Work item: Exact copy, no pictures: repeat the data that follows.

======

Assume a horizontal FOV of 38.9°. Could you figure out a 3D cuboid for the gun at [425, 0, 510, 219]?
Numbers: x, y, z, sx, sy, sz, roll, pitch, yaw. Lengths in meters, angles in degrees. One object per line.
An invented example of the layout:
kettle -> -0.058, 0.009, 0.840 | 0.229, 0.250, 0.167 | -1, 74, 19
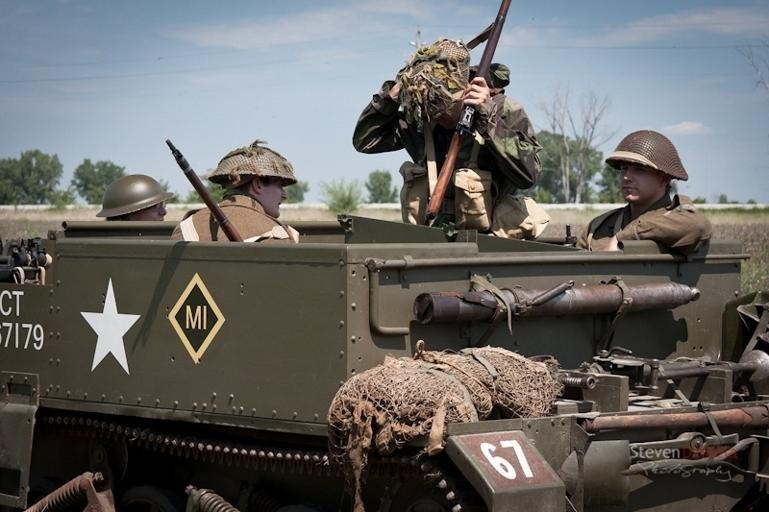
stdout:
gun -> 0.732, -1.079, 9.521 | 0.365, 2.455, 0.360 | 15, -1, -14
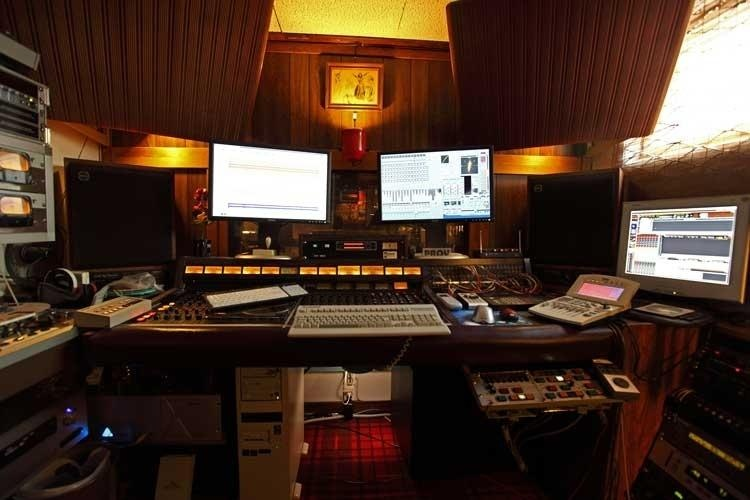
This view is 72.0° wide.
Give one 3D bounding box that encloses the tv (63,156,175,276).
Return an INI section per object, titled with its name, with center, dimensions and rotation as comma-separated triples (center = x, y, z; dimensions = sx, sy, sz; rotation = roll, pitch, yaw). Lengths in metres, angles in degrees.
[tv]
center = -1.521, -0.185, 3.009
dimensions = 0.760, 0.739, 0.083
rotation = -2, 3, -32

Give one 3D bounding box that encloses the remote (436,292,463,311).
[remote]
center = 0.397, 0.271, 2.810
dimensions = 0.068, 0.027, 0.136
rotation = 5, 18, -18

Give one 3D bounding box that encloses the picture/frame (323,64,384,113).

======

Task answer:
Assume a horizontal FOV of 38.9°. Could you figure out a 3D cuboid for the gun at [425, 0, 510, 219]?
Numbers: x, y, z, sx, sy, sz, roll, pitch, yaw. Lengths in meters, angles in degrees. One object per line.
An invented example of the layout:
kettle -> -0.058, 0.009, 0.840 | 0.229, 0.250, 0.167 | -1, 74, 19
stdout:
gun -> 0.732, -1.079, 9.521 | 0.365, 2.455, 0.360 | 15, -1, -14
This view is 72.0° wide.
Give one 3D bounding box that encloses the tv (63,156,175,276).
Return an INI section per object, titled with its name, with center, dimensions and rotation as comma-separated triples (center = x, y, z; dimensions = sx, sy, sz; rotation = roll, pitch, yaw). Lengths in metres, angles in degrees.
[tv]
center = -1.521, -0.185, 3.009
dimensions = 0.760, 0.739, 0.083
rotation = -2, 3, -32

Give one 3D bounding box that encloses the remote (436,292,463,311).
[remote]
center = 0.397, 0.271, 2.810
dimensions = 0.068, 0.027, 0.136
rotation = 5, 18, -18

Give one 3D bounding box that encloses the picture/frame (323,64,384,113).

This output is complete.